──────── Data for processing ────────

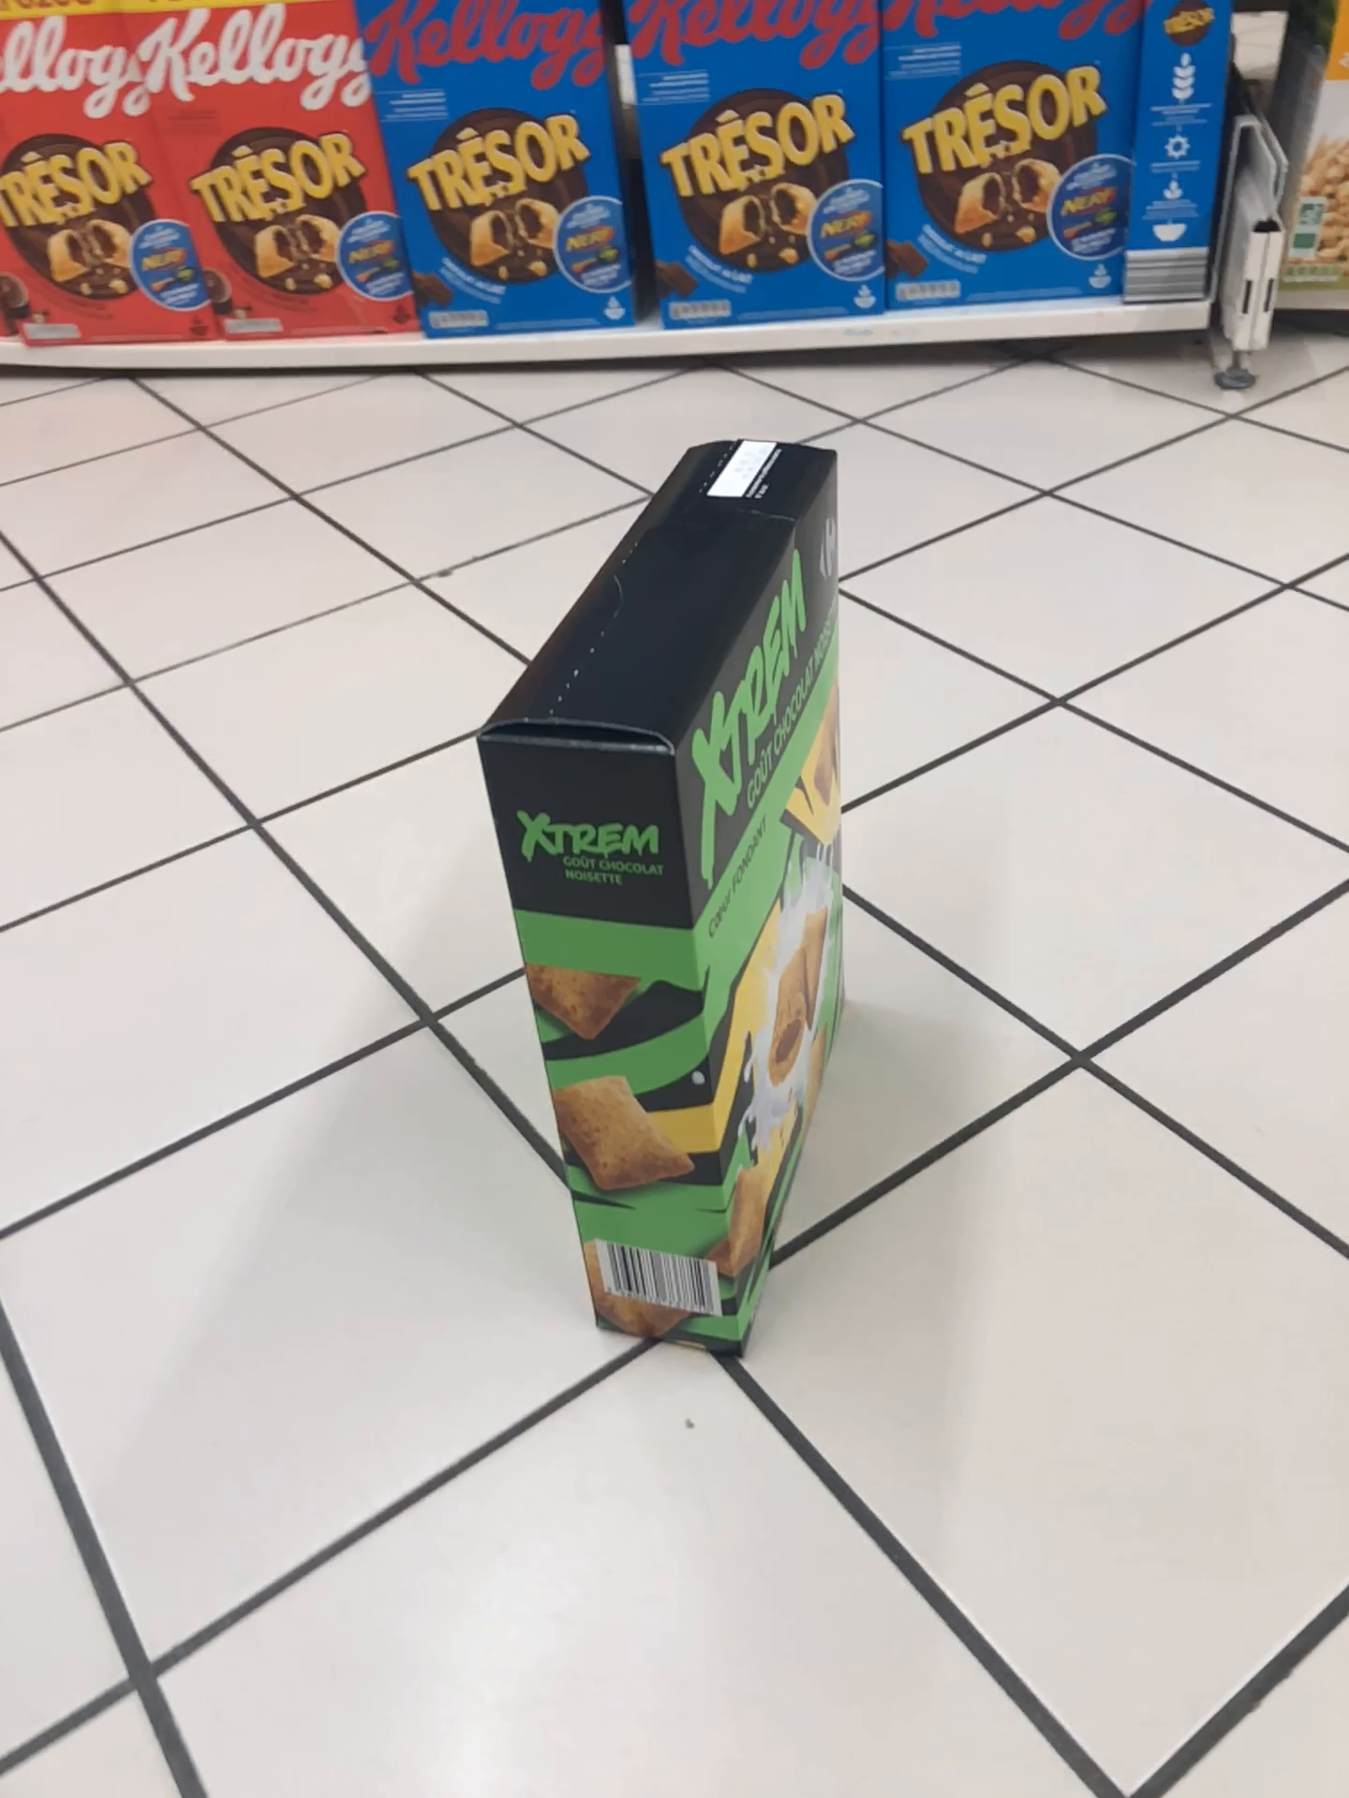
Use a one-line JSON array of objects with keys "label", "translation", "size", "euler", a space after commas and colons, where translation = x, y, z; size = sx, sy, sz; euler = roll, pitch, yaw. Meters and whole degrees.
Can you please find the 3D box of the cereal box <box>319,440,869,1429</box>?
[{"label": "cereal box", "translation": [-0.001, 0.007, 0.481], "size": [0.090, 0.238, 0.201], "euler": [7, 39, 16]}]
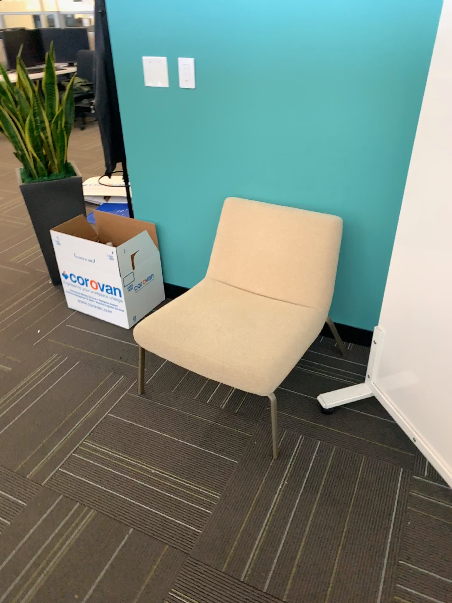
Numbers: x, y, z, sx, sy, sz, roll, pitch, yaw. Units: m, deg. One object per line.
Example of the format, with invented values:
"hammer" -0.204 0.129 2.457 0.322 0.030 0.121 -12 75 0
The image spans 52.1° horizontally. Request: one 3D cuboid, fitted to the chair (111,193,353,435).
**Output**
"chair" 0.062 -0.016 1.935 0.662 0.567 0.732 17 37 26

────────
──────── Data for processing ────────

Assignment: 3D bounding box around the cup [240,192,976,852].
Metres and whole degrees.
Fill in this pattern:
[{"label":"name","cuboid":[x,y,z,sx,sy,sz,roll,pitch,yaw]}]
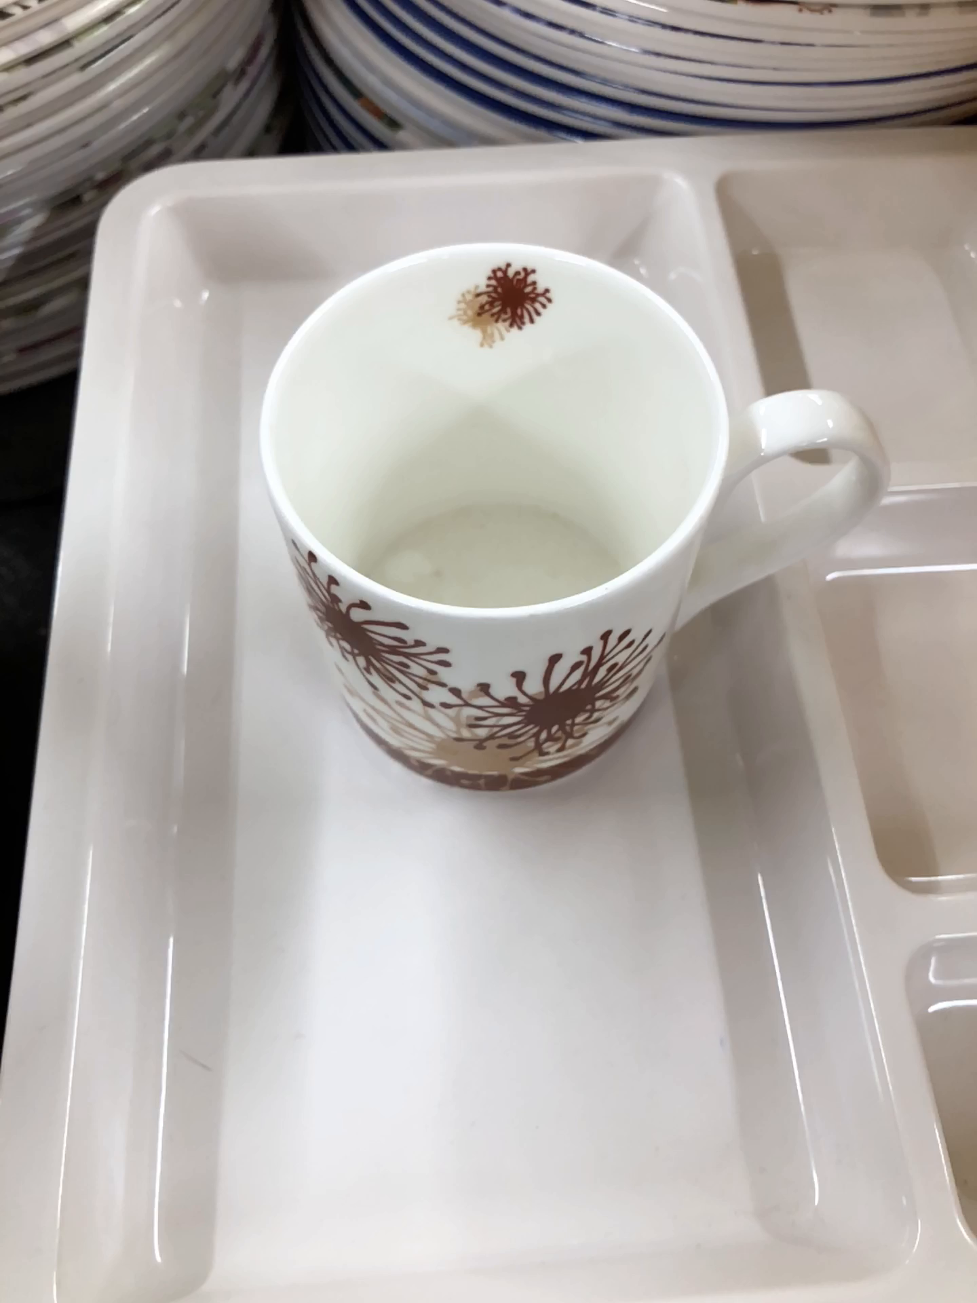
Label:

────────

What you have to do: What is needed is an exact copy of the lines above from the one with "Use a one-line" to the one with "0.121 -12 75 0", both ends kept, and nothing more; please leave the pictures out.

Response:
Use a one-line JSON array of objects with keys "label", "translation", "size", "euler", a space after commas and colons, where translation = x, y, z; size = sx, sy, sz; euler = roll, pitch, yaw. Meters and whole degrees.
Can you please find the 3D box of the cereal box <box>319,440,869,1429</box>?
[{"label": "cereal box", "translation": [-0.001, 0.007, 0.481], "size": [0.090, 0.238, 0.201], "euler": [7, 39, 16]}]
Numbers: x, y, z, sx, sy, sz, roll, pitch, yaw. Units: m, deg. One object per line.
Example of the format, with invented values:
"hammer" -0.204 0.129 2.457 0.322 0.030 0.121 -12 75 0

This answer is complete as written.